In one embodiment, as shown in fig. 7, there is provided a data processing apparatus including: an acquisition module 11, a slicing module 12, a robbery module 13 and a processing module 14, wherein:
an acquisition module 11, configured to acquire data to be processed;
the slicing module 12 is configured to perform pre-slicing processing on data to be processed to obtain slicing execution data corresponding to a plurality of task slices;
the robbing module 13 is used for robbing the executing authority of the current task slice according to the slice executing data of each task slice;
and the processing module 14 is used for carrying out data segmentation and processing on the data to be processed according to the sliced execution data of the current task slice when the execution right of the current task slice is robbed.
In one embodiment, the slicing module 12 may perform pre-slicing processing according to a preset number of slices, to obtain slice execution data of each task slice.
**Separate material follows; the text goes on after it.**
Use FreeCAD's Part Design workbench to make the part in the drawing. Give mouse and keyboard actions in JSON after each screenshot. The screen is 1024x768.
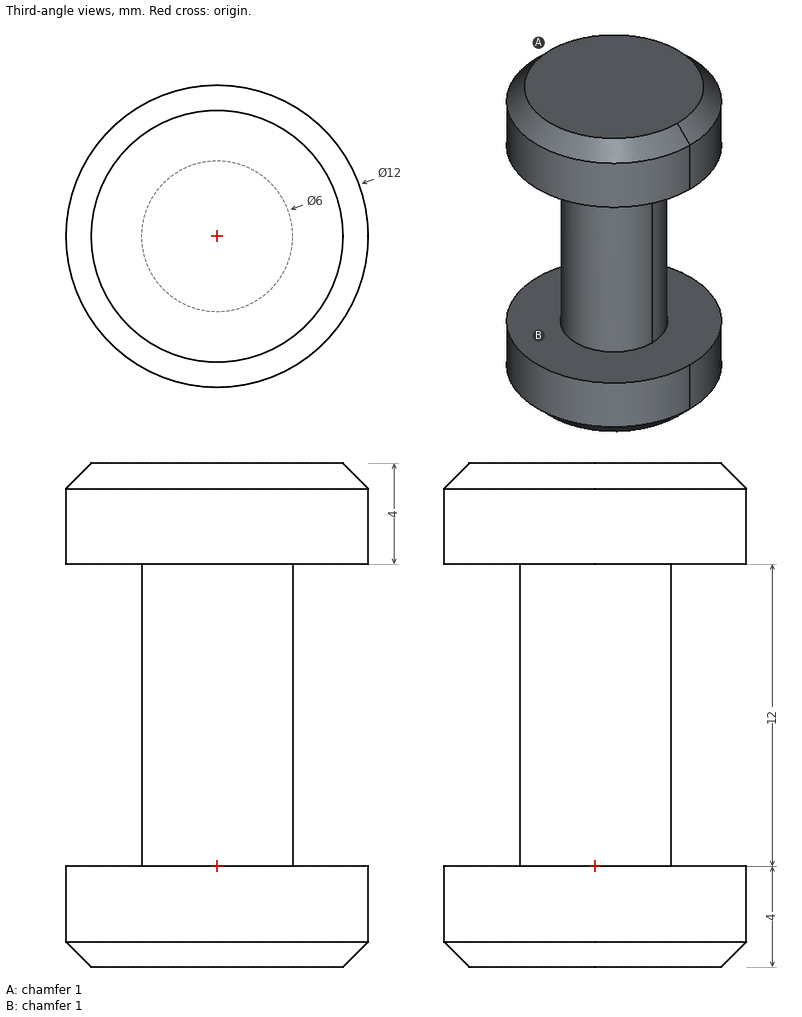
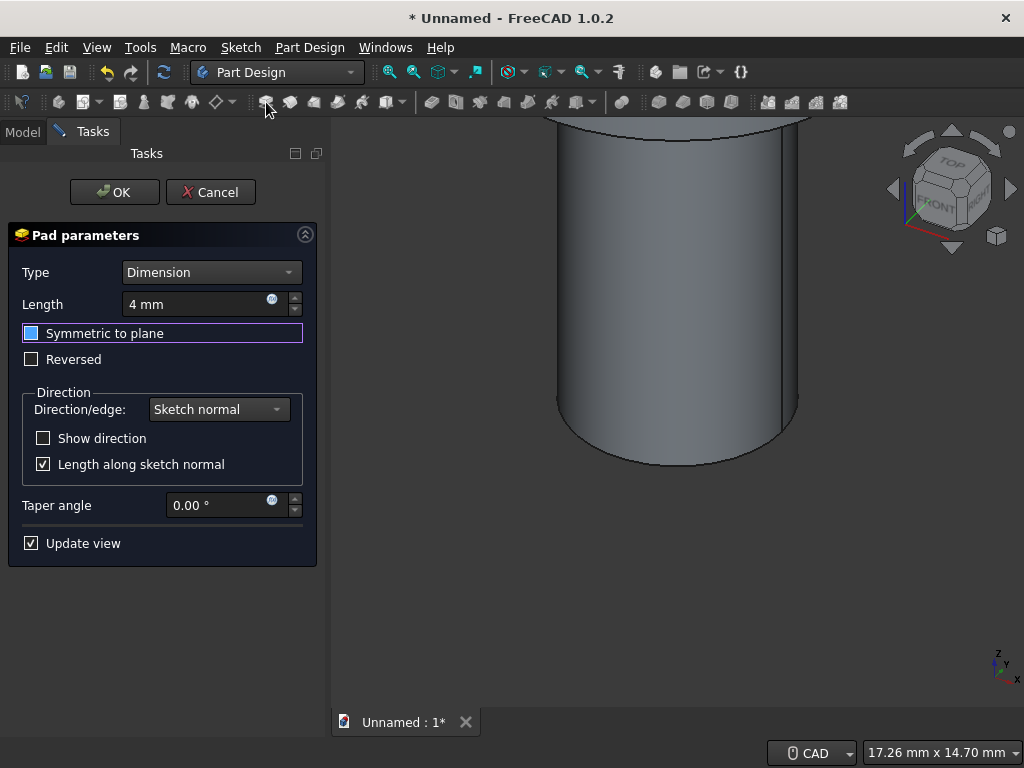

In one embodiment, the robbing module 13 may rob a preset distributed lock, and when the distributed lock is robbed, determine the current task slice according to the processing state of each task slice, and modify the processing state of the current task slice into processing to rob the execution authority of the current task slice.
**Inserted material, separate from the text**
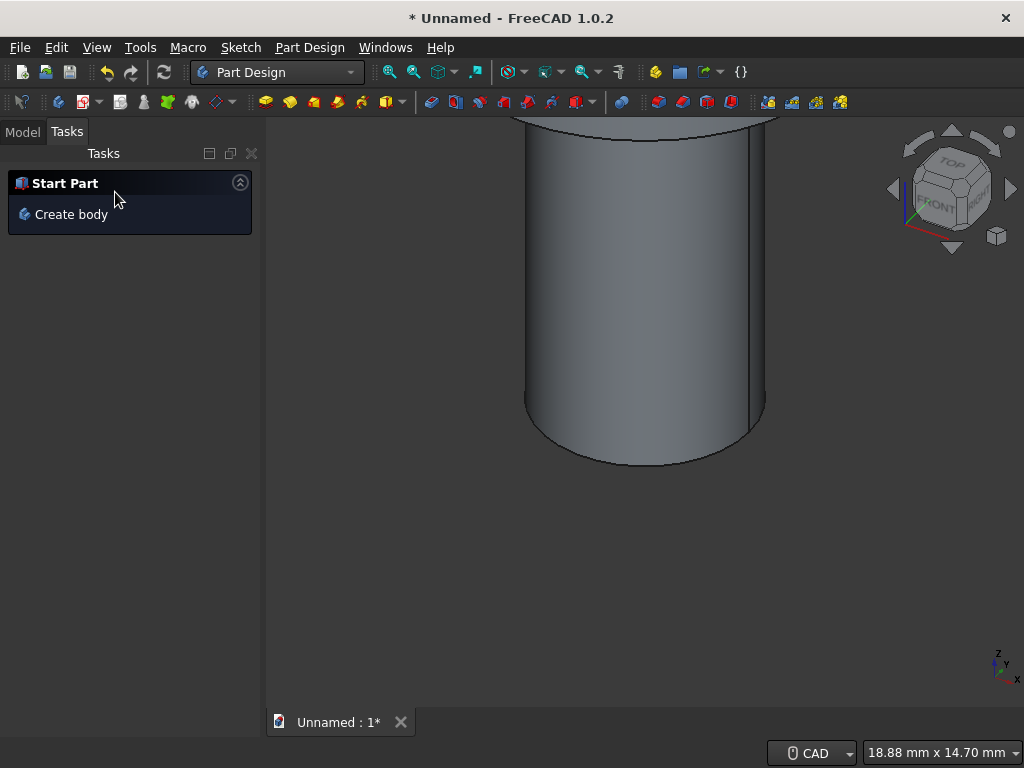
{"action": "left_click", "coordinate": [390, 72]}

In one embodiment, the above device is applied to a distributed computing node, the above robbery module 13 may report the node status to a preset health status table through a heartbeat thread, periodically query the health status table, acquire the processing status of the task slices processed by the target node when the target node is queried that the corresponding node status is not updated within a preset time period, and reset the processing status of the task slices processed by the target node to an initial status when the processing status of the task slices processed by the target node is in processing.
In one embodiment, each of the task slices includes at least one data record, before the preset distributed lock is robbed, the robbed module 13 may further query whether an unprocessed data record exists in the current task slice, when the unprocessed data record exists in the current task slice, rob the distributed lock, the slice execution data of the current task slice further includes identification information of the last data record of the last data slice, and when the distributed lock is robbed, the processing module 14 may determine a query range of the current data slice according to the identification information of the last data record of the last data slice of the current task slice, query a target data record of a specified number from the data to be processed according to the query range of the current data slice, modify the processing state of the target data record into processing, release the distributed lock, perform data processing on the target data record, and return to the step of querying whether the unprocessed data record exists in the current task slice until no unprocessed data record exists in the current task slice.
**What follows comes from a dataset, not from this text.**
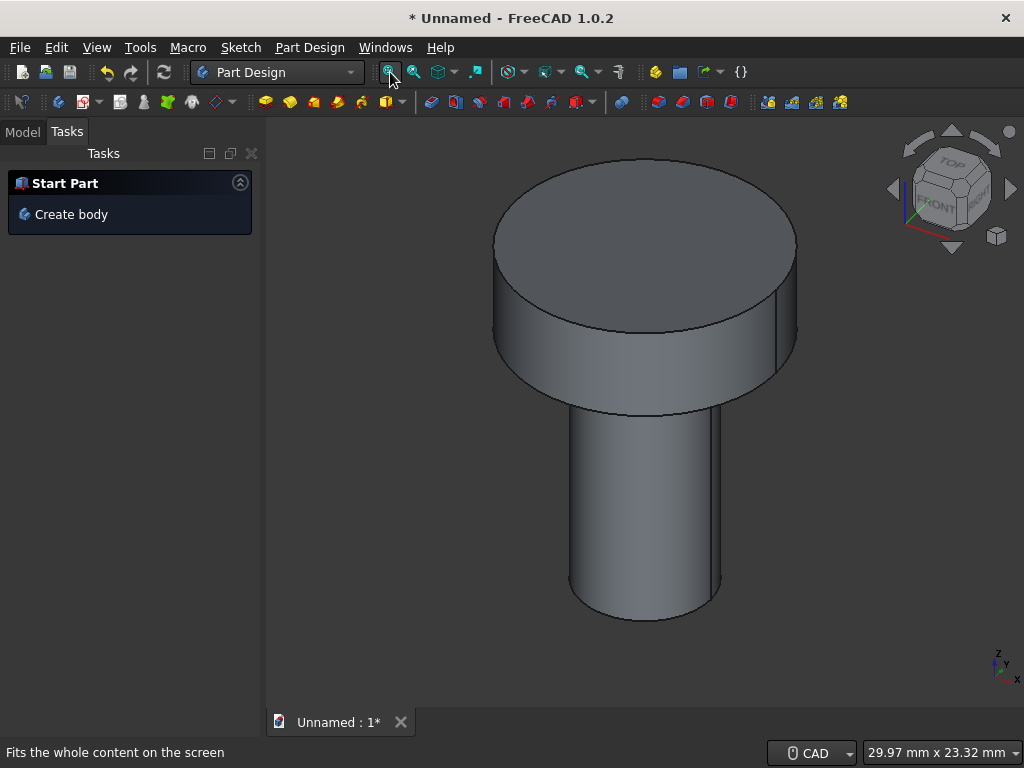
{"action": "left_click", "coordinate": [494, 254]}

In one embodiment, the processing module 14 may further query whether an unprocessed task partition exists in the to-be-processed data when it is queried that the unprocessed data record does not exist in the current task partition, and obtain a next task partition when the unprocessed task partition exists in the to-be-processed data, and return to the step of querying whether the unprocessed data record exists in the current task partition.
In one embodiment, the processing module 14 may further obtain the total number of data records of the current data to be processed and a preset expected execution duration, determine the expected rate according to the total number of data records and the expected execution duration, obtain the current number of data records processed and the current execution duration, determine the current rate according to the current number of data records processed and the current execution duration, and adjust the fragmentation number according to the expected rate and the current rate.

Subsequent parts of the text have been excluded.